Антонина смотрела на кольцо от люльки, ввинченное в смуглую матицу. На маленький обруч, сквозь который пронырнули, пронеслись три детские жизни. Выпорхнули из избы.
Фотиев слушал старуху, и лицо его выражало не сострадание, не жалость, а пристальное внимание, будто он вслушивался в себя самого. Да старуха и не жаловалась вовсе, а просто рассказывала, куда, в какую жизнь выпорхнули ее дети. Эта жизнь была их общей жизнью, они все в нее выпорхнули, и не стоило им жаловаться друг другу на эту общую долю. Вот что чувствовала Антонина, наблюдая Фотиева. Он был свой для всех. Все испытывали к нему доверие. Не жаловались, а рассказывали, доверялись ему. Как и сама она, Антонина.

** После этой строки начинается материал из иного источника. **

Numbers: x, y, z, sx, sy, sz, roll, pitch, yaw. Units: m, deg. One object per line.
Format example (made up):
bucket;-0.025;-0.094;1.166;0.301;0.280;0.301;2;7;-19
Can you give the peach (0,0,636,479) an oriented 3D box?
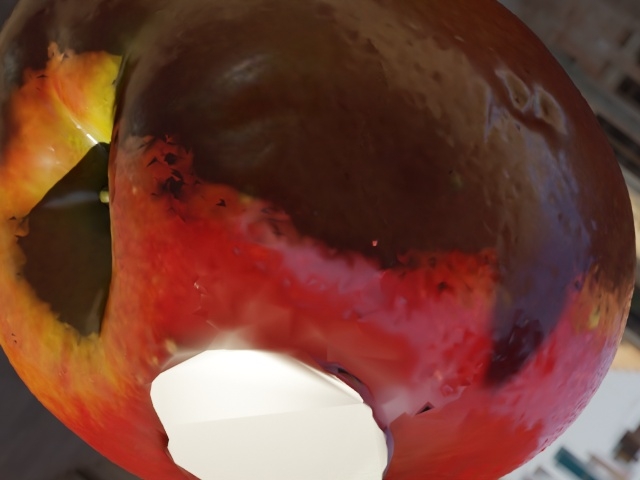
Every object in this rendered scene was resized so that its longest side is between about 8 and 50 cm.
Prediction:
peach;-0.010;0.006;1.118;0.335;0.406;0.310;-44;-147;32

— Много вы пережили, Полина Тимофеевна, — сказал Фотиев. — Матери наши много что пережили.
— Много, — согласилась она. — Меня немец два раза стрелять водил. А кто я была? Девчонка! Партизанам хлеб выносила. Маво дядю, Егора Даниловича, немец на ветле повесил. Вот она, ветла-то, жива, а сук, на котором Егор Данилыч висел, засох… Муж мой Антон Кузьмич с японского фронта без одного глаза явился. Поженились, скоро и второй глаз потух. От слепого детей родила. Была ему — и руки, и глаза. А ничего, хорошо прожили, дружно… Пережито много, нажито мало, — Она повела рукой по чугункам в печи, по цветку в консервной банке, по тряпичному половику. — Может, и хорошо, что мало. Все одно под воду уйдет. Вам на той стороне, на станции, жить, а нам тут тонуть.
И сказала она без упрека, не виня их. явившихся с той стороны. Не было у нее осуждения, а только забота о внуках, о сыне, о своей непутевой дочке.
— А что люди о станции говорят? — спросила Антонина. — Должно, бранят ее. Она виновата, что вас заливают.
— Кто и бранит, а кто говорит — хорошо. Хотят в Броды ехать, по-городскому жить. Разное говорят. Как ее начали строить, один старичок, печник, Иван Финогенович — помер пять лет назад, — говорил: «Ну, — говорит, — люди, смотрите. Немец нас не извел, а теперь свои возьмут изведут. Следите, — говорит, — скоро начнутся признаки, как нас изводить станут. И признаки все из воды». И правда, все признаки из воды пришли, а весной сама вода придет, и всему конец.